A Quest UAV costs between £12,000 and £40,000 depending on the sensors and cameras carried. With video aboard, data can be transmitted in real time to the ground crew who can intervene if necessary to investigate some aspect more closely. Or infra-red cameras may be required. Some cameras can cost £12,000 and, if doubled up to work with multi-spectral and thermal cameras, that can be a £25,000 payload.

Universities tend to get discounts since King considers them to be strapped for cash, and partnerships created there can sometimes help develop better sensors too. In the UK, real helicopters provide the competition: “They’re very good if they stay within their limitations - like remaining close to an object. They can hover, get fairly close in and gather some good data, enabling maybe 100 square metres to be collated. Our strengths come when there’s need to go further afield, gathering larger areas of data.

“Quest UAVs are incredibly robust too. Invariably if helicopters come out of the sky that’s it. They’re in pieces. If ours do that it’s pick it up and throw it back up.” He makes the point with personal experience, having flown Gazelle, Puma, Wessex and Sea King helicopters during his 16 years in the forces, the final few years on air sea rescue duty at RAF Boulmer.

Members of two expeditions studying climate change have recently worked in Iceland and Svalbard, in northernmost Norway, using Quest UAVs to measure the rate of change in glaciers. Both York and Southampton Universities have bought Quests for Polar researches. King says it shows how quickly and competently the aircraft can be used by previously unskilled personnel. These are lecturers, not pilots. “They fly these aircraft competently, and don’t need a pilot’s licence if they’re not using the aircraft commercially. We provided training for Northumbria University also.

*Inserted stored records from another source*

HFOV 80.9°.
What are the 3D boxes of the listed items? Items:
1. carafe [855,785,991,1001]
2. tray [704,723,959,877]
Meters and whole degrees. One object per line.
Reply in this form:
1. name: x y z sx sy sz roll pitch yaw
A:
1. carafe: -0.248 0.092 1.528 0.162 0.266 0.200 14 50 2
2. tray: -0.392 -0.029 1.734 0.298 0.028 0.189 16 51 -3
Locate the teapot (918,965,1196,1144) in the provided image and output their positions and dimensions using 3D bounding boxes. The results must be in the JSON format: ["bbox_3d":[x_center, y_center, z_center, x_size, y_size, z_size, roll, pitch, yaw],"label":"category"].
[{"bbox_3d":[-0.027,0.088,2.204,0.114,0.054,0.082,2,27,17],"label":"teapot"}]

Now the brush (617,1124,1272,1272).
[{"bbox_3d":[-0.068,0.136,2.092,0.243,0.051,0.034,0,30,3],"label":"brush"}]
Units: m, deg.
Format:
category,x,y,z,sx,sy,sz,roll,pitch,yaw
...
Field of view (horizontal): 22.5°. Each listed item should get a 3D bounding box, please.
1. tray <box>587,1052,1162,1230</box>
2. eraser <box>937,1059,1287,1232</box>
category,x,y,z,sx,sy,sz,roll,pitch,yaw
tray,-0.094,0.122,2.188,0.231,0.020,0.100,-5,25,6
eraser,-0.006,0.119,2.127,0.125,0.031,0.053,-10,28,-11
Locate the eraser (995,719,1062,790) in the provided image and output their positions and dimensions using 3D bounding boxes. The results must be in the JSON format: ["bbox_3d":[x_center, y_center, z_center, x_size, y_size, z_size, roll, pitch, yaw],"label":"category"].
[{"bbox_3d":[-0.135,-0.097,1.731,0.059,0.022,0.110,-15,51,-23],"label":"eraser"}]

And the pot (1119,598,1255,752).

One individual did his training then only saw the aircraft again when it was beside him in his tent on the Arctic ice sheet, where he was living for three months. He unpacked the aircraft from its rugged case and got the data he wanted totally isolated from the outside world. He’d no direct support, only a text about once a week, and couldn’t ring back with problems. “While the weather wasn’t too bad, there was an issue around GPS, latitude and longitude, because the compass couldn’t be relied upon.

Everything’s different there. He worked where ice mixes with rock. Otherwise on a totally white landscape it could be very hard. But every picture notes its latitude, longitude and height, helping to make the mosaic easier.”

Several new prototypes are currently being worked on including one aimed at getting maximum endurance in bad weather. Another serves as a research vehicle for Newcastle University. Another government funded one being prepared to track and quantify fresh water. A Quest usually takes a month or two to build but it has been assembled within 10 days with all the staff working flat out.

So what about those erosion concerns that got him going in the first place? “I’ve since recorded the erosion myself through aerial photography. I now have what I started out to do five years ago, I have in three dimensional models a good history of what erosion has or hasn’t been happening. I know I’ll be able to live the rest of my days there without any problem. So I’m a happy man. The house will continue to have resale value and I’m sure my kids will take it over. I thought there were only about 15 years left. But it looks there’s at least 100 years left. That’s my major investment secure.”